By: Woodrow Lucas
The thing the ecologically illiterate don't realize about an ecosystem is that it's a system. A system! A system maintains a certain fluid stability that can be destroyed by a misstep in just one niche. A system has order, a flowing from point to point. If something dams the flow, order collapses. The untrained miss the collapse until too late. That's why the highest function of ecology is the understanding of consequences.
Paul Herbert - Dune
Paul Herbert in his novel Dune describes a world, Arrakis, wherein a religious movement changes every dimension of the planet from politics to ecology to economics to culture ultimately resulting in a world that bears no resemblance to its prior self (Herbert & Anderson, 2003). Similarly, Hackworth describes a force of collective consciousness, an economic process, an ideology, and this paper asserts a civil religion, termed neoliberalism, which is literally redefining the earth as we know it (Hackworth, 2007). Hackworth defines neoliberalism as “an ideological rejection of egalitarian liberalism in general and the Keynesian welfare state in particular, combined with a selective return to the ideas of classical liberalism wherein the greatest good would be encouraged by using government only as a protector of free exchange (Hackworth, 2007)”. Yet in reality, as Hackworth asserts, neoliberalism is more than just an ideology, but it is an economic process as well (Hackworth, 2007). This paper goes one iteration further than Hackworth and asserts that neoliberalism is also a civil religion. Consequences of neoliberalism include but are not limited to a widening gap between rich and poor, the displacement of inner city and world indigenous populations, the transfer of manifest governance from the state to the multinational corporation, and the systematic ruin of the earth’s ecosystem.

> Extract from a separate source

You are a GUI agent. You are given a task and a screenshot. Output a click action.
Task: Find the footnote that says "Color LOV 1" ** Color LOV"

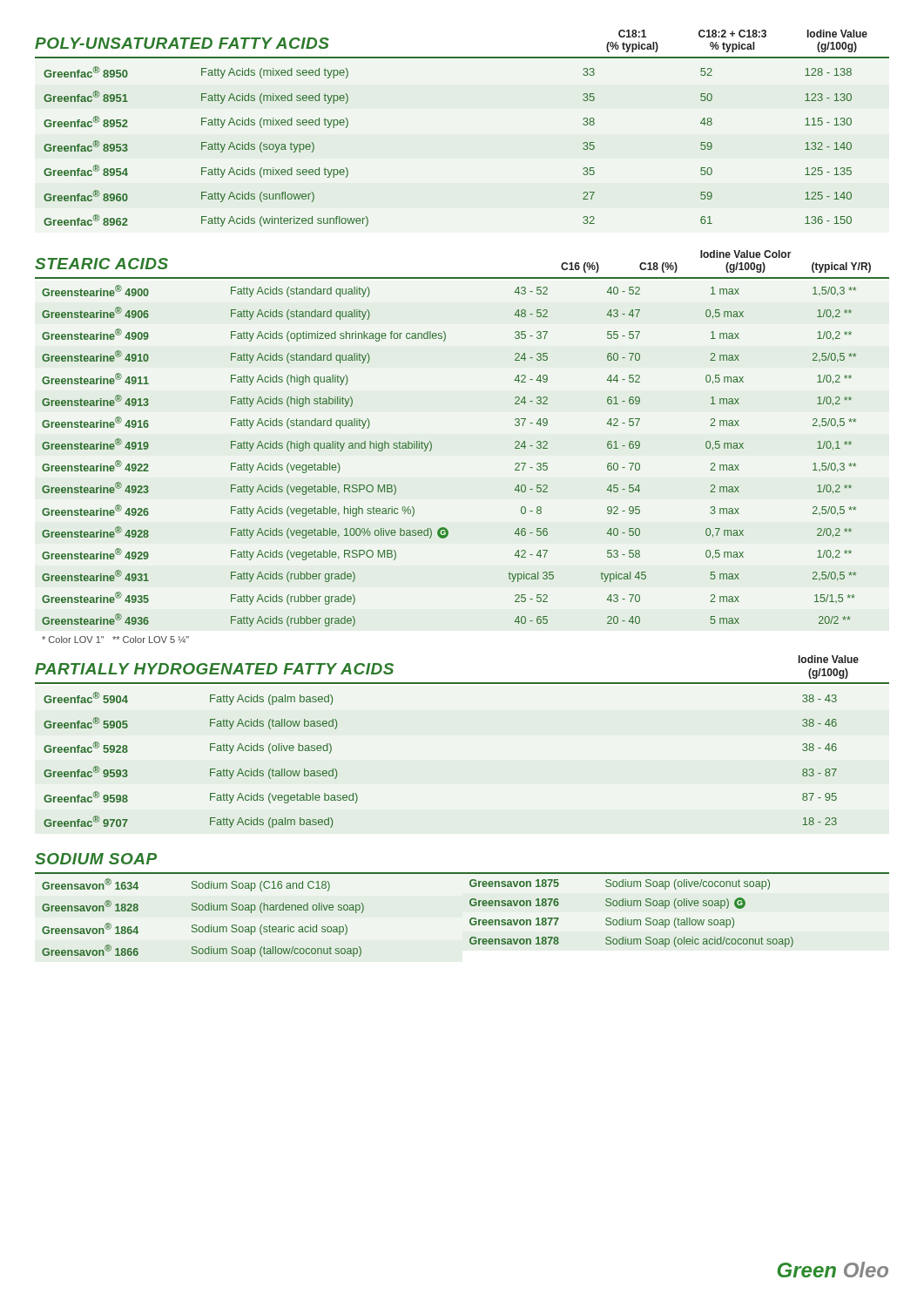(x=115, y=640)
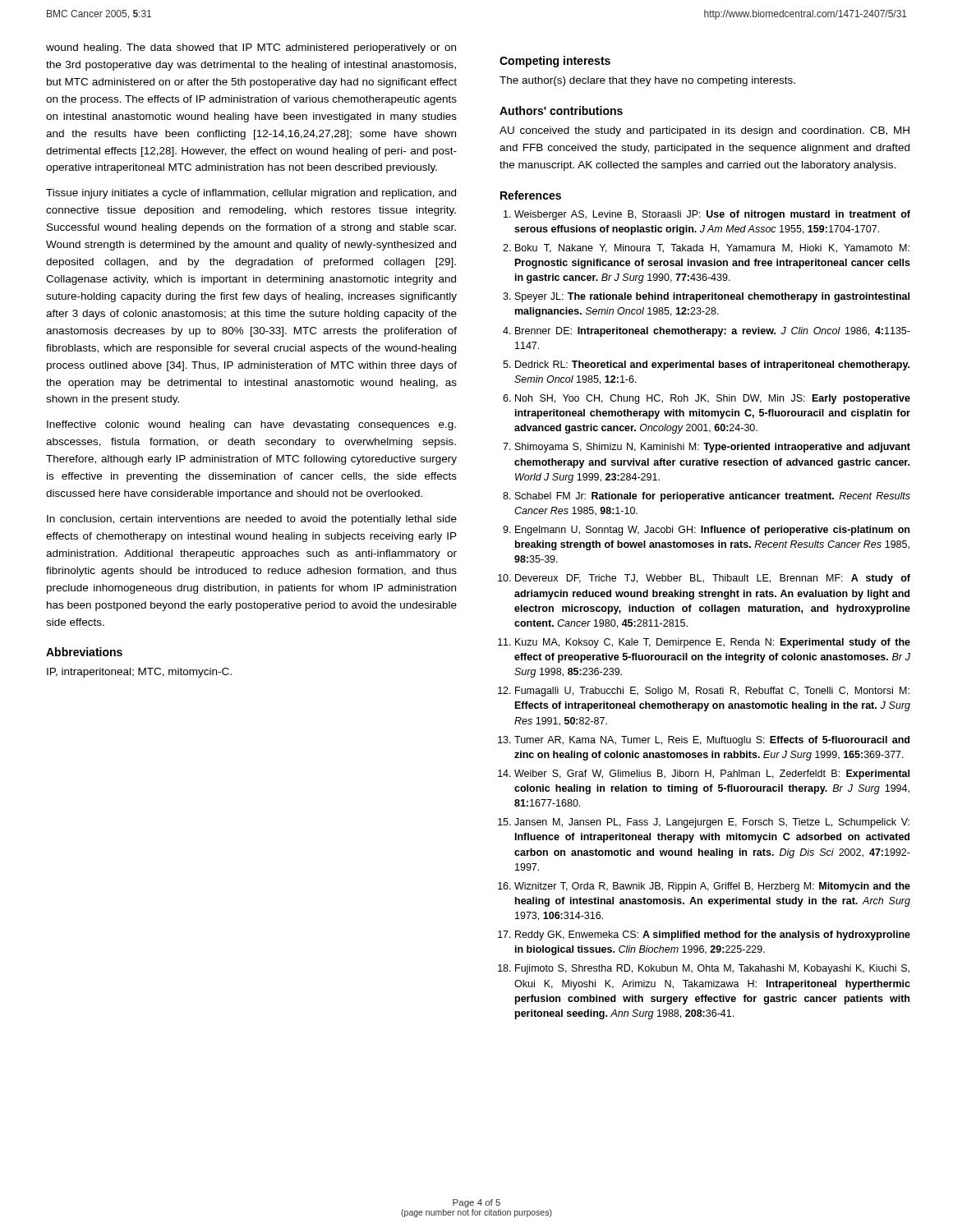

This paper asserts that neoliberalism is a phenomenon that manifests itself in three major expressions, namely, neoliberalism as economic process, neoliberalism as ideology, and neoliberalism as civil religion. This paper further asserts that these three expressions of neoliberalism operate in synergistic tandem wherein each expression mutually reinforces the others. Hackworth describes five major strategies to counter neoliberalism, “Keynesian defense”, “anti-globalization”, “living wage activism”, “anti-gentrification efforts”, and “collectivist economic technologies” (Hackworth, 2007). However, as Hackworth observes these resistance efforts are often fragmented and disempowered by internecine conceptions. This paper argues that the reason for this fragmentation is a failure by most scholars and activists, to include Hackworth, to recognize the civil religious dimensions of Neoliberalism which often mask some of its most pernicious undercurrents and the consequential failure to create a civil religious counter which could possibly unify current initiatives of resistance.
Neoliberalism as ideology
Neoliberalism is philosophically rooted in classical liberalism which is based on three major tenets, individual autonomy, Adam Smith’s reverence for the free market, and a non-interventionist state (Hackworth, 2007). Neoliberalism is also an antipodal reaction to egalitarian liberalism. Egalitarism liberalism both evolves from and reflects a counter to classical liberalism in that it highly reverences individual autonomy and rights, yet makes the claim that the market is incapable of creating and preserving those rights and so it is the responsibility of government to regulate markets, pursue an economically redistributive agenda, and maintain a safety net or welfare state for the most impoverished of citizens (Hackworth, 2007)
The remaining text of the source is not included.